- Exercise brief
Exactly retype the lines from the top of the data through the line containing "#5 pillar with", leaving out every picture.

Task data: Begin

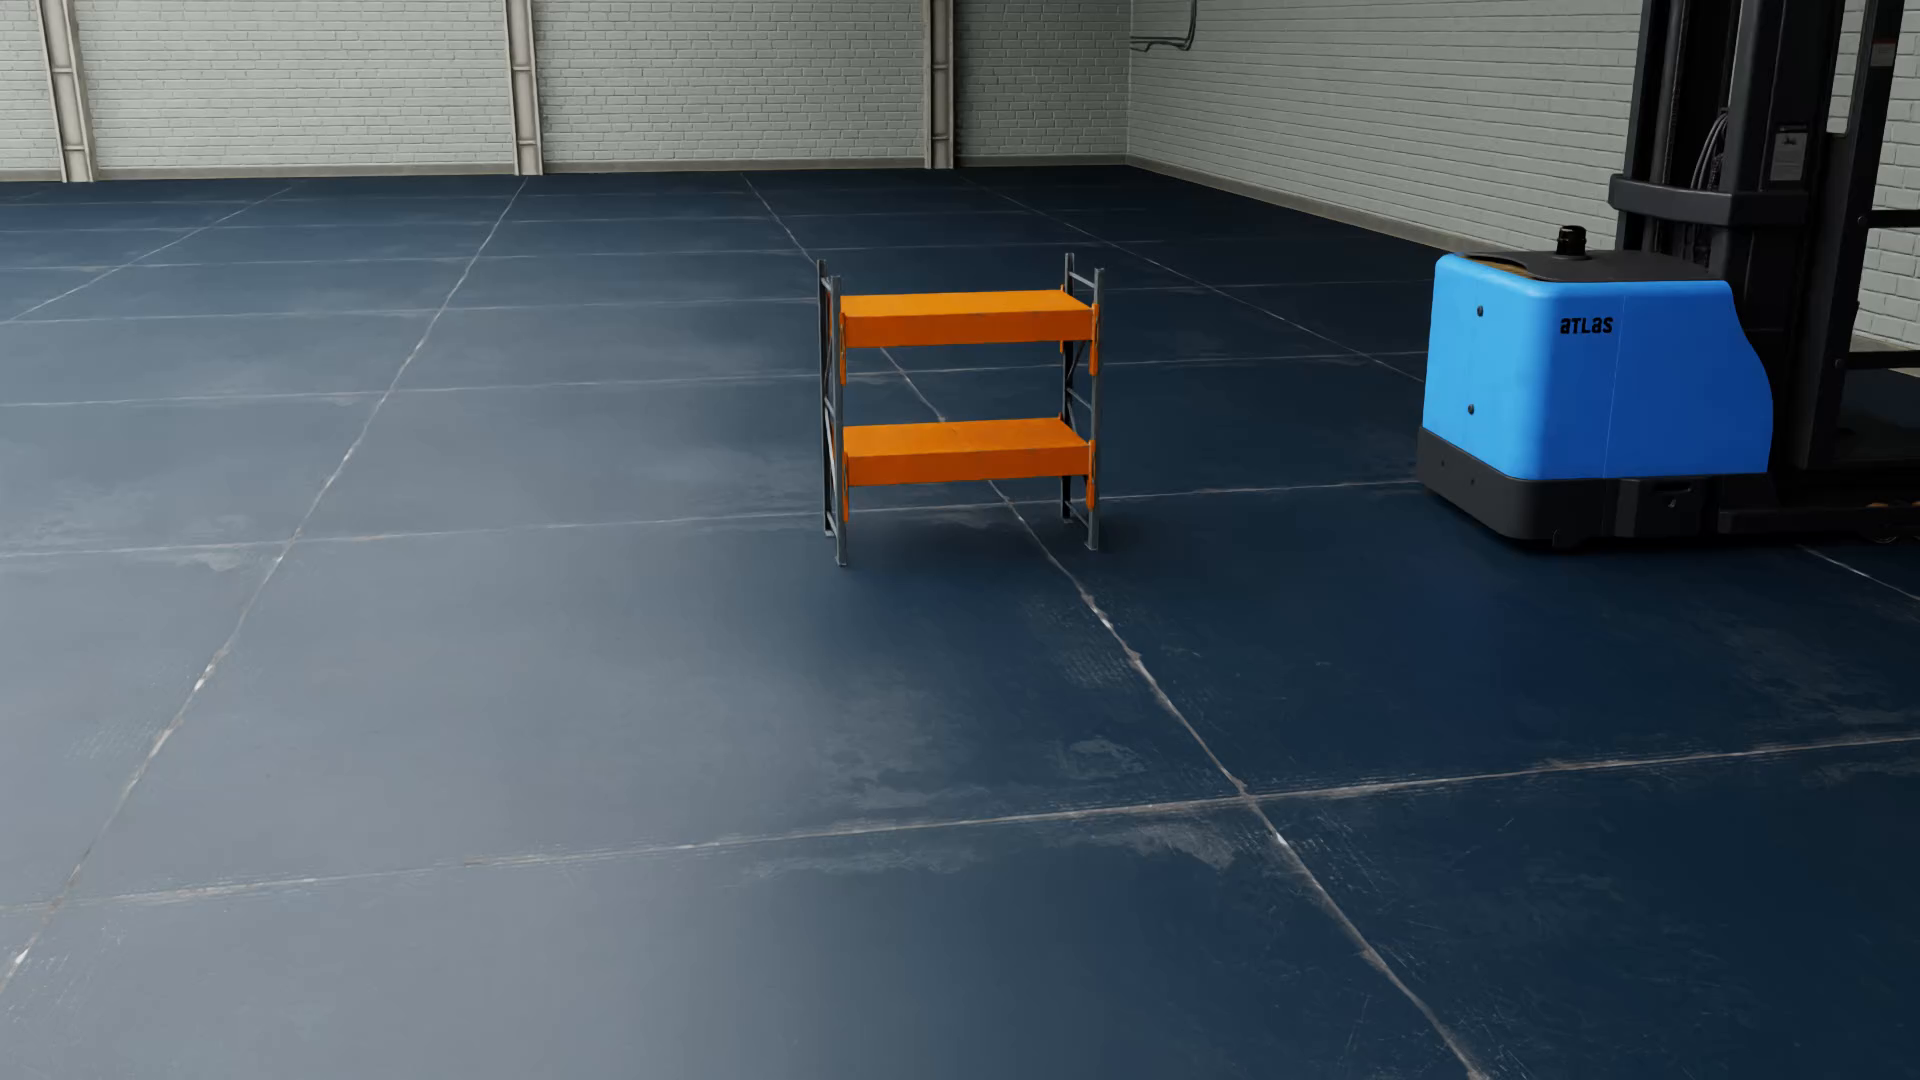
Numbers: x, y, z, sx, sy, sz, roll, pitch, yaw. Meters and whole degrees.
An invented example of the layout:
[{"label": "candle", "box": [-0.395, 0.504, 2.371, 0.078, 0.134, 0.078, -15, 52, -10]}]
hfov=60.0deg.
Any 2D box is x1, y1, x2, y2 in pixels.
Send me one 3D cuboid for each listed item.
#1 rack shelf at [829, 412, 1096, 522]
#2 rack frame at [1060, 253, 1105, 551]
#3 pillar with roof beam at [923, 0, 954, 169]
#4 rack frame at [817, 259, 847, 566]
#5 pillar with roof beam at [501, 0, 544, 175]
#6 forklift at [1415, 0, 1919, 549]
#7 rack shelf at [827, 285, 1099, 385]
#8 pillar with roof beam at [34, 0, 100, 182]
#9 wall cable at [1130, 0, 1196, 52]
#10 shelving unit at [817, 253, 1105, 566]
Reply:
[{"label": "rack shelf", "box": [-0.007, -0.304, 6.717, 1.000, 0.278, 0.538, -3, 17, -10]}, {"label": "rack frame", "box": [0.492, -0.566, 6.738, 0.032, 1.125, 0.500, -3, 17, -10]}, {"label": "pillar with roof beam", "box": [0.499, -8.672, 19.718, 0.400, 9.000, 9.100, -3, 17, -10]}, {"label": "rack frame", "box": [-0.506, -0.509, 6.553, 0.032, 1.125, 0.500, -3, 17, -10]}, {"label": "pillar with roof beam", "box": [-5.392, -8.337, 18.630, 0.400, 9.000, 9.100, -3, 17, -10]}, {"label": "forklift", "box": [3.600, -1.539, 6.829, 3.031, 2.935, 1.130, -2, 17, -7]}, {"label": "rack shelf", "box": [-0.007, -0.817, 6.559, 1.000, 0.278, 0.538, -3, 17, -10]}, {"label": "pillar with roof beam", "box": [-11.283, -8.003, 17.542, 0.400, 9.000, 9.100, -3, 17, -10]}, {"label": "wall cable", "box": [2.826, -8.211, 23.507, 0.112, 2.526, 3.097, -3, 17, -10]}, {"label": "shelving unit", "box": [-0.007, -0.537, 6.645, 1.048, 1.125, 0.538, -3, 17, -10]}]
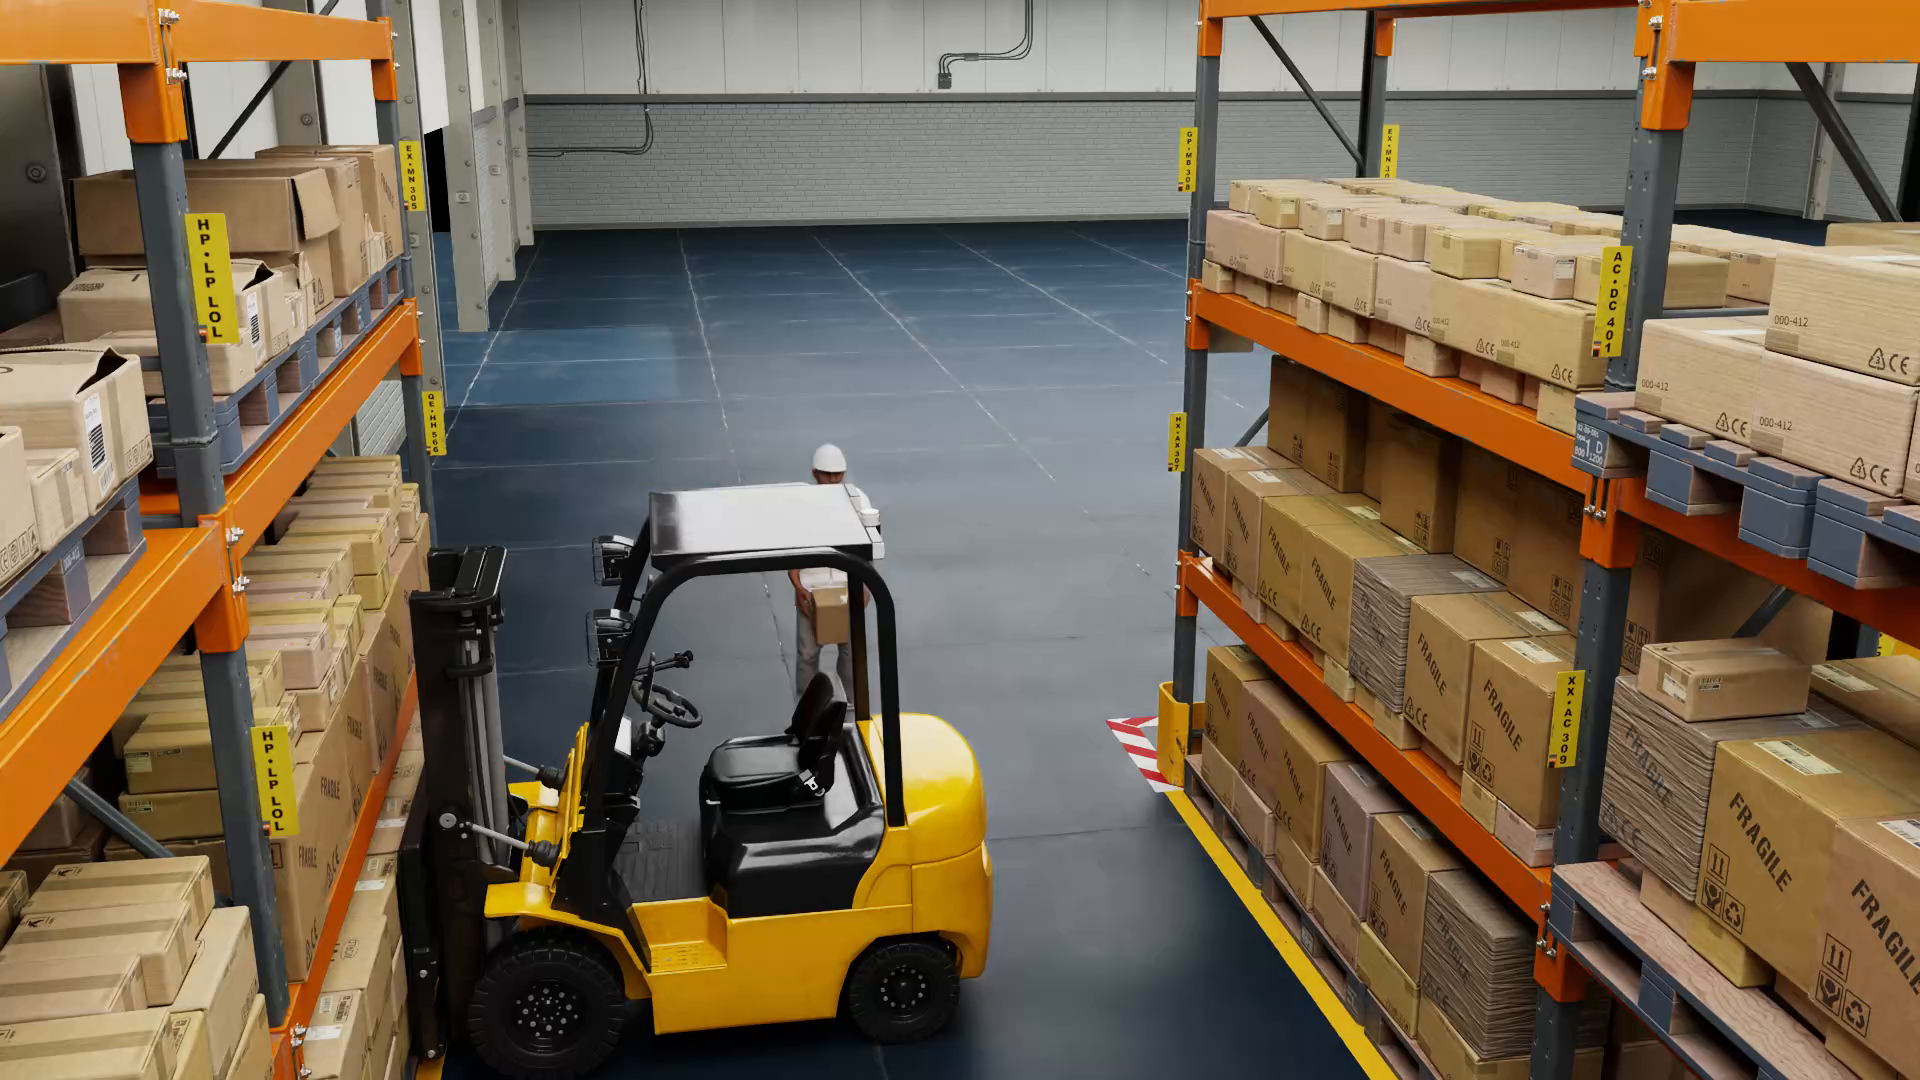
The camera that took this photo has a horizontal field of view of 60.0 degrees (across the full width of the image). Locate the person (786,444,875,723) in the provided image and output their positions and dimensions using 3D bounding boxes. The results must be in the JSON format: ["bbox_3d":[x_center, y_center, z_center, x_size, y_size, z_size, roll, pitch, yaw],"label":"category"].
[{"bbox_3d":[-0.777,0.297,9.973,0.572,1.766,0.470,-3,17,-11],"label":"person"}]

Task data: End

- Answer to this problem
Numbers: x, y, z, sx, sy, sz, roll, pitch, yaw. Meters and whole degrees.
An invented example of the layout:
[{"label": "candle", "box": [-0.395, 0.504, 2.371, 0.078, 0.134, 0.078, -15, 52, -10]}]
hfov=60.0deg.
Any 2D box is x1, y1, x2, y2 in pixels.
Send me one 3D cuboid for each listed item.
#1 rack shelf at [829, 412, 1096, 522]
#2 rack frame at [1060, 253, 1105, 551]
#3 pillar with roof beam at [923, 0, 954, 169]
#4 rack frame at [817, 259, 847, 566]
#5 pillar with roof beam at [501, 0, 544, 175]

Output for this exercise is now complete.